Yes, I would. Thinking about it the last 5 months, I'd want to be a girl... I'm not going to go into why because I started to care about my privacy again.


----------



## Scarlet (May 31, 2016)

Hmmm... I'd say some things would be easier for me if I were female, since I'm pretty feminine. Alas, I don't think I'd ever go so far as to do it. I am the way I am, and I'm pretty happy as such. If you want to change, you shouldn't feel any shame in it. But equally, it's something you should think through and talk to your family about. If you do it, you'll definitely need their support, and the support of those around you ^^


----------



## Thirty3Three (May 31, 2016)

For a day? Yes. I'd love to masturbate as a female. TMI, I know. But why else would you want to try to be the opposite gender?

Now for the rest of my life? Nah.


----------



## BurningDesire (May 31, 2016)

Y E S
edit: Not for five months.... FOREVER


----------



## nxwing (May 31, 2016)

For a day? Yeah, why not? I'll masturbate. Play with my boobs. Maybe become a camgirl online and make lots of money juat for a day. Wouldn't want to become a female for longer than that. I don't want to experience periods or the pain of pregnancy.


----------



## Deleted-379826 (May 31, 2016)

No I don't think id ever want to become the opposite gender. Maybe as said above for a day would be cool just to see the difference but again forever I think I would regret that.


----------



## Vulpes Abnocto (May 31, 2016)

I'd be willing to at least try it for a couple months to get a better understanding of how women have to exist in society and how they're expected to act. 
It's one thing to hear it from them, but another to actually live it.


----------



## Deleted-379826 (May 31, 2016)

Vulpes Abnocto said:


> I'd be willing to at least try it for a couple months to get a better understanding of how women have to exist in society and how they're expected to act.
> It's one thing to hear it from them, but another to actually live it.


That does sound like a good answer id probably be willing to do that too


nxwing said:


> For a day? Yeah, why not? I'll masturbate. Play with my boobs. Maybe become a camgirl online and make lots of money juat for a day. Wouldn't want to become a female for longer than that. I don't want to experience periods or the pain of pregnancy.

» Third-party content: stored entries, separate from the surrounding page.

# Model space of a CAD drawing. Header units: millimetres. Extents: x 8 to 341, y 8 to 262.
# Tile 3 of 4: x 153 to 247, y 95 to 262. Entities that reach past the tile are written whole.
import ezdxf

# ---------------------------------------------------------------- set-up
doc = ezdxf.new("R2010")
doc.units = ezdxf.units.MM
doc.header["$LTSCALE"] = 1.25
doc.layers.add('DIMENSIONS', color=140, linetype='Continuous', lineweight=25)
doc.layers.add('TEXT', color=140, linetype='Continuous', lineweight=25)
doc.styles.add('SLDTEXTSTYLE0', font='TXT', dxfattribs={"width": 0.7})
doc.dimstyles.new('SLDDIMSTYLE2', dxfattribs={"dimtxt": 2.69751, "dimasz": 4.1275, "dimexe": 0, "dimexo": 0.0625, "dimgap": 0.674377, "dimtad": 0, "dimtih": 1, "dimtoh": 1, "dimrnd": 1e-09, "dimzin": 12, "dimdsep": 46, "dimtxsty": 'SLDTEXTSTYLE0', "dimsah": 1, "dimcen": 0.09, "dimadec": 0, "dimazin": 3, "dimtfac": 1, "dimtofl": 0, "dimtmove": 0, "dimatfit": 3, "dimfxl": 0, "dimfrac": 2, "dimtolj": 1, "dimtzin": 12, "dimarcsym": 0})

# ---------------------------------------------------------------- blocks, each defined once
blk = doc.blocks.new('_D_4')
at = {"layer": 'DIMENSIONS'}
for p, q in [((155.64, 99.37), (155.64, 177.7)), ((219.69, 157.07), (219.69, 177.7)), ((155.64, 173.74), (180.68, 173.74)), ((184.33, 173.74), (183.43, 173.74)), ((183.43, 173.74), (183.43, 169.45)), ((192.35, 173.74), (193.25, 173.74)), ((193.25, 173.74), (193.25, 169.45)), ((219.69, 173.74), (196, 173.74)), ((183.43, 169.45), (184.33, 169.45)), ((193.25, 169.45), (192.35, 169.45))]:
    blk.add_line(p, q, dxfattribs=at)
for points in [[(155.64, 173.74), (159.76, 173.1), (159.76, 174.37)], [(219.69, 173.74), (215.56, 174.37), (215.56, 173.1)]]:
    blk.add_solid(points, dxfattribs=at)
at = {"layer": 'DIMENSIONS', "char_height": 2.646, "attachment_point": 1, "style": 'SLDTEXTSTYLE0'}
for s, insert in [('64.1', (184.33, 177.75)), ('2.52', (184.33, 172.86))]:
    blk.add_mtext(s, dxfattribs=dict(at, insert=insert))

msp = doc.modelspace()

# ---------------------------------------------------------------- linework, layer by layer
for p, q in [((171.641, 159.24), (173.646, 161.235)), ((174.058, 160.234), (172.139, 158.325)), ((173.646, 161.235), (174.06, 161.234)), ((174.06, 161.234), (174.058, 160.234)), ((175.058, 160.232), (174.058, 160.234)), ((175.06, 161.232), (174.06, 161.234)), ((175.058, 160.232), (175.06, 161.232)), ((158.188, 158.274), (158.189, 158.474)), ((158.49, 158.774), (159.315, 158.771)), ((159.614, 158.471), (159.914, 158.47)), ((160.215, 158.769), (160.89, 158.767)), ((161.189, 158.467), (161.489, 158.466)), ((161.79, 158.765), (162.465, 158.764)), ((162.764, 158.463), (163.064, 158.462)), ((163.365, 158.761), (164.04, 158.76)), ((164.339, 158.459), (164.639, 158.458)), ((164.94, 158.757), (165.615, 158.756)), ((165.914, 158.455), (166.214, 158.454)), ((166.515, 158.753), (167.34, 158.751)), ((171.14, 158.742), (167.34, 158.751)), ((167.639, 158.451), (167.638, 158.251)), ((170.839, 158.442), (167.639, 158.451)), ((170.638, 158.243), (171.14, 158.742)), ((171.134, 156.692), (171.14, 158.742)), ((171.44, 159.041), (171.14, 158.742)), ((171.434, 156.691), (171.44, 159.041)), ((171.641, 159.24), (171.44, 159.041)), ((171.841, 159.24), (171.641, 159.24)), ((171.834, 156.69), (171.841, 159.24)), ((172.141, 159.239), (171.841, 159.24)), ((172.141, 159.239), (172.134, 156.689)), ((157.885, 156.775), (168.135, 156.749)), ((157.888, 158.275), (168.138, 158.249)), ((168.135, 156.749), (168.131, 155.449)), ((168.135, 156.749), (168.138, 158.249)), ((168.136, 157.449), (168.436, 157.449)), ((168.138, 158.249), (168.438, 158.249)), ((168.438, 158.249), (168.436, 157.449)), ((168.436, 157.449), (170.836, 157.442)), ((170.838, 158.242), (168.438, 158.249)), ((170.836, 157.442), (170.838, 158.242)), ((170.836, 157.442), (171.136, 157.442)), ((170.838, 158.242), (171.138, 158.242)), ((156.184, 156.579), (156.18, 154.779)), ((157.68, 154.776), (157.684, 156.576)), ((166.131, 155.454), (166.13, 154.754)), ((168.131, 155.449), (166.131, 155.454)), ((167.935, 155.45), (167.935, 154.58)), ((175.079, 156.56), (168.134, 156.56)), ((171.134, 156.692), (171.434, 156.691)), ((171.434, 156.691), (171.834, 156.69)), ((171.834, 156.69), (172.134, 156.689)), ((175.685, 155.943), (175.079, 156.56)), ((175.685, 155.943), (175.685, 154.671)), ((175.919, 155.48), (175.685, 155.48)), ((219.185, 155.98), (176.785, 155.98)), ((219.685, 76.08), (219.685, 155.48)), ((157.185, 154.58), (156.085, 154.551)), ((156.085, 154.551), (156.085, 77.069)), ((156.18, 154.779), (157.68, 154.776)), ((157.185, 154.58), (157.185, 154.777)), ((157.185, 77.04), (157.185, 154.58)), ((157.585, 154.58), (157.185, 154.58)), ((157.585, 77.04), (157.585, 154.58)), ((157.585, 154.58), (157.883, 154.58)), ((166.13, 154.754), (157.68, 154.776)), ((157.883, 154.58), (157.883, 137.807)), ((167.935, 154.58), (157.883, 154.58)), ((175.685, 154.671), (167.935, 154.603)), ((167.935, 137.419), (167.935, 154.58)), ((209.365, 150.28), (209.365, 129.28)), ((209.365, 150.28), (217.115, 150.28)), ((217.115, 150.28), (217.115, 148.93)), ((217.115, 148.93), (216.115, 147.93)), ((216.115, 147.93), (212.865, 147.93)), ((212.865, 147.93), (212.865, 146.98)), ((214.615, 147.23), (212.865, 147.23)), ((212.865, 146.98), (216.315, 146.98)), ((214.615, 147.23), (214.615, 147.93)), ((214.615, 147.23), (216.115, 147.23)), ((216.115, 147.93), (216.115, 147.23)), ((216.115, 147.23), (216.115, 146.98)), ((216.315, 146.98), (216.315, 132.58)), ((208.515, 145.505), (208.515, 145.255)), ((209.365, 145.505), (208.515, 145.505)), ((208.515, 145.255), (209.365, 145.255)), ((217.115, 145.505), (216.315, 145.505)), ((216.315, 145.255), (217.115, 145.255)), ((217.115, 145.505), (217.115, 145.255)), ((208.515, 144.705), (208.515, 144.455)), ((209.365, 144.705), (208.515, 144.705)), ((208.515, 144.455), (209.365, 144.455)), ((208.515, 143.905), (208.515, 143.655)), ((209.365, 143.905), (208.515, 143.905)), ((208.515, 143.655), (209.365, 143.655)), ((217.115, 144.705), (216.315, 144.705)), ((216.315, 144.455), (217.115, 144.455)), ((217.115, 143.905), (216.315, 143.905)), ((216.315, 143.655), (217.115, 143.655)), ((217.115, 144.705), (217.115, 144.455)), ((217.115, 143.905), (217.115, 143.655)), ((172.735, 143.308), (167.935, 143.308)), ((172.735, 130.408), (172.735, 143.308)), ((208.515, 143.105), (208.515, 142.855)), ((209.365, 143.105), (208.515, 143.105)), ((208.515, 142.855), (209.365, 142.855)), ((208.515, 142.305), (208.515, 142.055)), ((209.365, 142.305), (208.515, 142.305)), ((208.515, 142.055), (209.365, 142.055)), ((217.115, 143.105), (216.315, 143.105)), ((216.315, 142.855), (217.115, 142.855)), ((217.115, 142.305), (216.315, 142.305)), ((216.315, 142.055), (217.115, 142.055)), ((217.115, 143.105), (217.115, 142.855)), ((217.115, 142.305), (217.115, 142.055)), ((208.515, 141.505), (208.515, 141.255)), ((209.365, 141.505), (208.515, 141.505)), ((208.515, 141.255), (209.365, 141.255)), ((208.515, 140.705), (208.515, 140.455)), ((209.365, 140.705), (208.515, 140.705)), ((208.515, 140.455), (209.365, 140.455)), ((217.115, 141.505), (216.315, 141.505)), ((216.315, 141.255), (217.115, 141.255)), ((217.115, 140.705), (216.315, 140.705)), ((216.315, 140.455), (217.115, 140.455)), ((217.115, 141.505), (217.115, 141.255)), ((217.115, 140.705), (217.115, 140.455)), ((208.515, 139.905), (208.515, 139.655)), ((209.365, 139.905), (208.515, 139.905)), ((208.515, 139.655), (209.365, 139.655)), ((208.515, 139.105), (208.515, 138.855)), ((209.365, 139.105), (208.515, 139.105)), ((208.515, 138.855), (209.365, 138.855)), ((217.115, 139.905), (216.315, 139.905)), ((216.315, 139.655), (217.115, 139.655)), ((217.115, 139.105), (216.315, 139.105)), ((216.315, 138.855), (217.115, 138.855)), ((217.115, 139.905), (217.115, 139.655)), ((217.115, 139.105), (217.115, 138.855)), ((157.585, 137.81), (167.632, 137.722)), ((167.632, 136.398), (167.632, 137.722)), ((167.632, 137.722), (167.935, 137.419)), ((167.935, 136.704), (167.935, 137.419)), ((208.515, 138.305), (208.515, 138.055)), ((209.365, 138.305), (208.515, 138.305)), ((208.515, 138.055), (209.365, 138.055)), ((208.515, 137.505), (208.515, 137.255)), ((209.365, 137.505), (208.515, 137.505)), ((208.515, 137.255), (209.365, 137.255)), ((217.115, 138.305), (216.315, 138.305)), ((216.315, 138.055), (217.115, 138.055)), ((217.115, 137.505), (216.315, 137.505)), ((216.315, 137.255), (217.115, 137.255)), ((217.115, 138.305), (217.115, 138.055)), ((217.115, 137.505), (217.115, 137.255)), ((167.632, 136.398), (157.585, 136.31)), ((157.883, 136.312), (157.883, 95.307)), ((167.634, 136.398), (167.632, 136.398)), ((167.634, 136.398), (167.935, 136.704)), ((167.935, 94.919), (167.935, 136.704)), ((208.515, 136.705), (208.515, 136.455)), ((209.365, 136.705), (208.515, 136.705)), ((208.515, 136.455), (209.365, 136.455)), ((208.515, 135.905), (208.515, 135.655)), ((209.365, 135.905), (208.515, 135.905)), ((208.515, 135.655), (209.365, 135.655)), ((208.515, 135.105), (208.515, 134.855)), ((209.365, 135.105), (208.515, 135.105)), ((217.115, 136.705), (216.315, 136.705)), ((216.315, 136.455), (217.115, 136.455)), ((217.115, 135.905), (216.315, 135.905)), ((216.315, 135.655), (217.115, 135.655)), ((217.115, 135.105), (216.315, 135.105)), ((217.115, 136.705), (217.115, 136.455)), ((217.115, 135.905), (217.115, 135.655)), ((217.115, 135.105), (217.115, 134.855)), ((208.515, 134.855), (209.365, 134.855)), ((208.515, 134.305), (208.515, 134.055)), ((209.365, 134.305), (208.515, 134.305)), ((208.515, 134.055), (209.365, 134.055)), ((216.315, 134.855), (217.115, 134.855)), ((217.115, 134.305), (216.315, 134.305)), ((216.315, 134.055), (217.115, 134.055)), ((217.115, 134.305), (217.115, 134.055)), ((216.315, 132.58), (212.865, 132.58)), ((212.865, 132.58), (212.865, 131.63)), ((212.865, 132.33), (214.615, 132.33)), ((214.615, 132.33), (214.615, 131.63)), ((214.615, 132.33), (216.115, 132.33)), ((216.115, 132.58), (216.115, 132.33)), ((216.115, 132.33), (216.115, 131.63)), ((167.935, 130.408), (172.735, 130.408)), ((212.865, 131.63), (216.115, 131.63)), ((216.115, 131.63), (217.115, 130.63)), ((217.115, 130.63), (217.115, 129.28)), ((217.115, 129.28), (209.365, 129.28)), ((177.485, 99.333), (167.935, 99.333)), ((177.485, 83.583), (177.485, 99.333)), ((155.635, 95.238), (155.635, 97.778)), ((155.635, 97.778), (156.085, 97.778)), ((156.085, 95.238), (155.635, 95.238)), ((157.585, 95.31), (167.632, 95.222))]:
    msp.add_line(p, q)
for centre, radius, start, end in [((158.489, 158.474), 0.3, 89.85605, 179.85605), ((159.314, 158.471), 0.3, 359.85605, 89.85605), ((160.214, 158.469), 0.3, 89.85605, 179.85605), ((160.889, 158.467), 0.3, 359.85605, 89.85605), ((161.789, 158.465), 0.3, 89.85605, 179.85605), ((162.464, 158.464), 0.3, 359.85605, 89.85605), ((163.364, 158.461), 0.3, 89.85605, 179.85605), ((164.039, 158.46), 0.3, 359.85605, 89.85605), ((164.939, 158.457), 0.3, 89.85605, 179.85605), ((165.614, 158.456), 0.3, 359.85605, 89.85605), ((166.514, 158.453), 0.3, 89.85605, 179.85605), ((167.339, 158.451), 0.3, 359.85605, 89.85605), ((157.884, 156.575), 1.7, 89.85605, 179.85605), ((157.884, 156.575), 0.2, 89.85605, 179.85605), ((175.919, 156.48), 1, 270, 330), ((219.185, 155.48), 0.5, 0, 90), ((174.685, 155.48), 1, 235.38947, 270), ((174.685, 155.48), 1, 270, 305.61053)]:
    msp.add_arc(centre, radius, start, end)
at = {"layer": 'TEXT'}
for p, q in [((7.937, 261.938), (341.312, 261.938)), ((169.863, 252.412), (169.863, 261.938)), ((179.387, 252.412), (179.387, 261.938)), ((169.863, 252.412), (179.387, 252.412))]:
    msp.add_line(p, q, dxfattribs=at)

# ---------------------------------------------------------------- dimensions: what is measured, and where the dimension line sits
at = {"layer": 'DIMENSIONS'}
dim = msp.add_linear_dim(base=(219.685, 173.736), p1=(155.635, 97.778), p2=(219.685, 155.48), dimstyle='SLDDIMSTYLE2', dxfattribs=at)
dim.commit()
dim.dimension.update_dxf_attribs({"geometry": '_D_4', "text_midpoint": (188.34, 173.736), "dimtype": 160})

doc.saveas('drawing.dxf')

What if you had a flat chest


----------



## nxwing (May 31, 2016)

TheVinAnator said:


> That does sound like a good answer id probably be willing to do that too
> 
> What if you had a flat chest


Flat chest or not, I'll still play with them


----------



## Vulpes Abnocto (May 31, 2016)

TheVinAnator said:


> That does sound like a good answer id probably be willing to do that too
> 
> What if you had a flat chest




You might be surprised how many guys (and other ladies) there are that prefer women with smaller breasts. I can point you to about ten different subreddits dedicated to that body shape. (but they're all NSFW, so I won't)


----------



## GalladeGuy (May 31, 2016)

No thanks. I'm fine being male. Being 10 years older though? Yeah that's something I'd like.


----------



## Vulpes Abnocto (May 31, 2016)

GalladeGuy said:


> No thanks. I'm fine being male. Being 10 years older though? Yeah that's something I'd like.



Wanna trade? If I could go through puberty again with the knowledge I have now I'd be unstoppable.


----------



## BurningDesire (May 31, 2016)

GalladeGuy said:


> No thanks. I'm fine being male. Being 10 years older though? Yeah that's something I'd like.


Being 10yrs older means you're closer to death though


----------



## raulpica (May 31, 2016)

Thirty3Three said:


> For a day? Yes. I'd love to masturbate as a female. TMI, I know.


I'm glad I'm not alone, I suppose 



GalladeGuy said:


> No thanks. I'm fine being male. Being 10 years older though? Yeah that's something I'd like.


Then in 10 years you'll want to be 10 years younger. Life sucks.



Vulpes Abnocto said:


> Wanna trade? If I could go through puberty again with the knowledge I have now I'd be unstoppable.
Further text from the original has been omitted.